Binding Properties of 9K Protein to F1-ATPase: A Counterpart Ligand to the ATPase Inhibitor

• Published in: Journal of biochemistry (Tokyo) Vol. 102; no. 4; pp. 685 - 692
• Main Authors: HASHIMOTO, Tadao, YOSHIDA, Yukuo, TAGAWA, Kunio
• Format: Journal Article
• Language: English
• Published: Oxford Oxford University Press 01.10.1987
• Subjects: Analytical, structural and metabolic biochemistry; Binding, Competitive; Biological and medical sciences; Enzymes and enzyme inhibitors; Fundamental and applied biological sciences.
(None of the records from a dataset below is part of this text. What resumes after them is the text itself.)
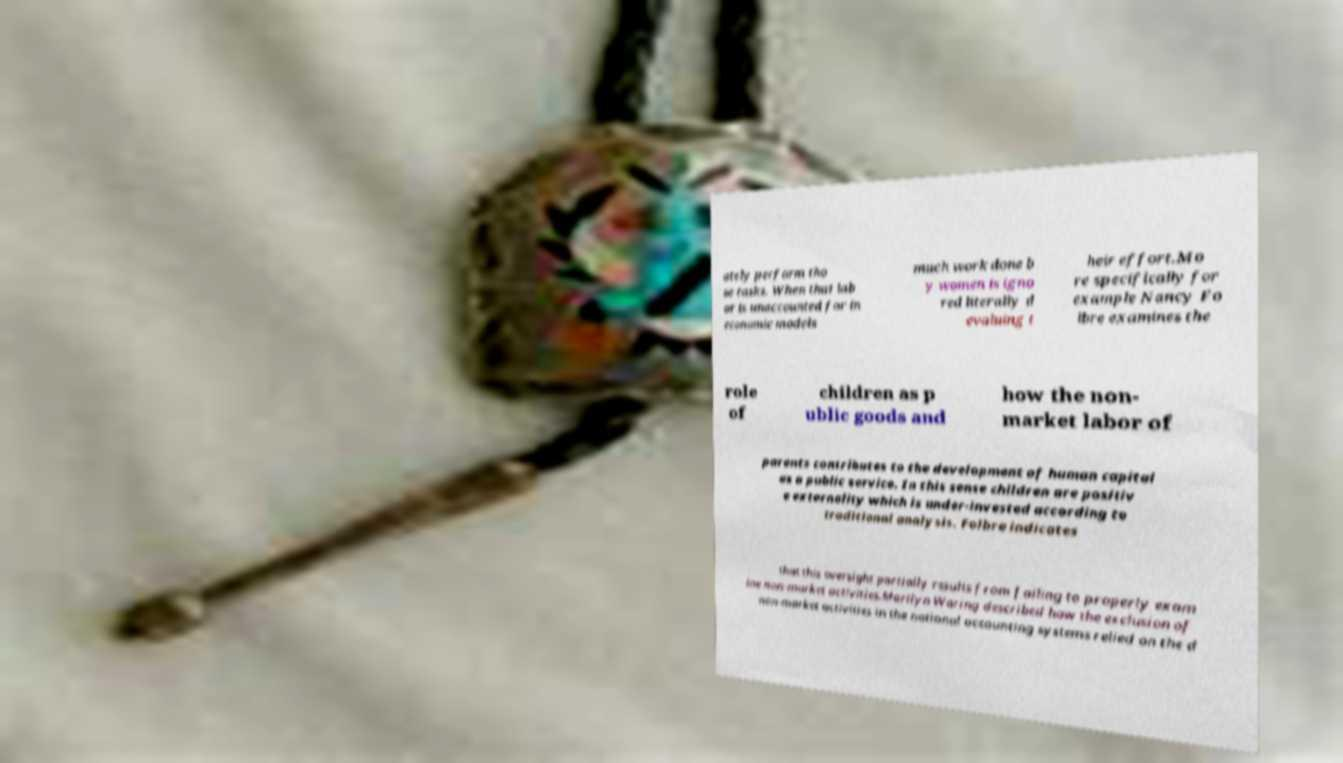Please read and relay the text visible in this image. What does it say? ately perform tho se tasks. When that lab or is unaccounted for in economic models much work done b y women is igno red literally d evaluing t heir effort.Mo re specifically for example Nancy Fo lbre examines the role of children as p ublic goods and how the non- market labor of parents contributes to the development of human capital as a public service. In this sense children are positiv e externality which is under-invested according to traditional analysis. Folbre indicates that this oversight partially results from failing to properly exam ine non-market activities.Marilyn Waring described how the exclusion of non-market activities in the national accounting systems relied on the d 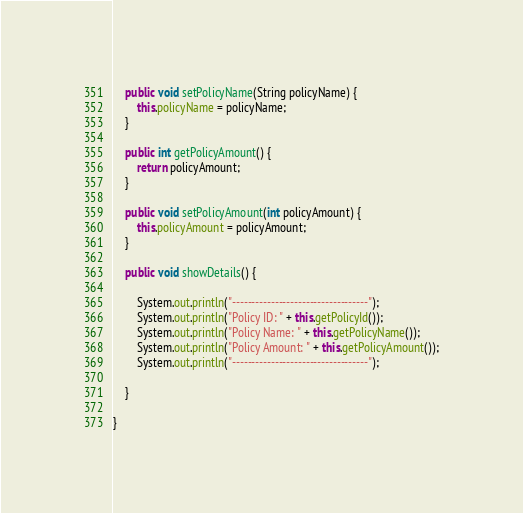<code> <loc_0><loc_0><loc_500><loc_500><_Java_>
	public void setPolicyName(String policyName) {
		this.policyName = policyName;
	}

	public int getPolicyAmount() {
		return policyAmount;
	}

	public void setPolicyAmount(int policyAmount) {
		this.policyAmount = policyAmount;
	}

	public void showDetails() {
		
		System.out.println("-----------------------------------");
		System.out.println("Policy ID: " + this.getPolicyId());
		System.out.println("Policy Name: " + this.getPolicyName());
		System.out.println("Policy Amount: " + this.getPolicyAmount());
		System.out.println("-----------------------------------");

	}

}</code> 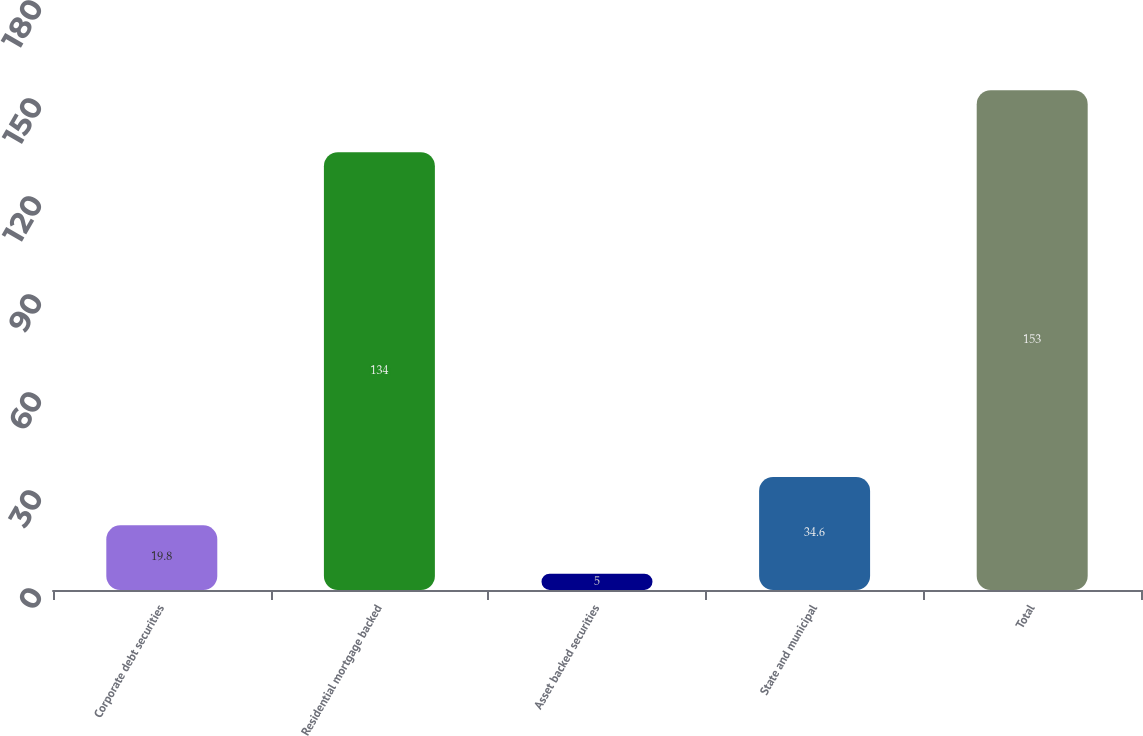<chart> <loc_0><loc_0><loc_500><loc_500><bar_chart><fcel>Corporate debt securities<fcel>Residential mortgage backed<fcel>Asset backed securities<fcel>State and municipal<fcel>Total<nl><fcel>19.8<fcel>134<fcel>5<fcel>34.6<fcel>153<nl></chart>

Psychology; Hydrolases; Ligands; Proton-Translocating ATPases - antagonists & inhibitors; Proton-Translocating ATPases - metabolism; Yeasts - enzymology; F1-ATPase; Ligand binding; Yeast; Enzyme; Enzyme inhibitor; Regulatory subunit; Inactivation; Proteins; Mitochondria; Magnesium Ions; Molecular complex; ATP; Catalyst activity; Comparative study
• ISSN: 0021-924X; 1756-2651
• DOI: 10.1093/oxfordjournals.jbchem.a122106

A regulatory subunit of yeast mitochondrial ATP synthase, 9K protein, formed an equimolar complex with F1 ATPase in the presence of ATP and Mg2+, indicating that the binding of the protein to the enzyme took place in a similar manner to that of ATPase inhibitor. The ATP-hydrolyzing activity of F1 ATPase decreased 40% on binding of the 9K protein, and the remaining activity was resistant to external ATPase inhibitor. The apparent dissociation constant of the F1-ATPase-9K complex was determined by gel permeation chromatography to be 3.7 × 10−6M, which was in the same order of magnitude as that of enzyme-ATPase inhibitor complex (4.2 × 10−6 M). When added simultaneously the binding of the inhibitor and 9K protein to F1-ATPase were competitive and the sum of their bindings did not exceed 1 mol per mol of enzyme. However, the binding of each protein ligand to F1-ATPase took more than 1 min for completion, and when one of these two proteins was added 10 min after the other, it did not replace the other. These observations strongly suggest that membrane-bound F1-ATPase always binds to either the 9K protein or ATPase inhibitor in intact mitochondria and that the complexes with the two ligands are active and inactive counterparts, respectively.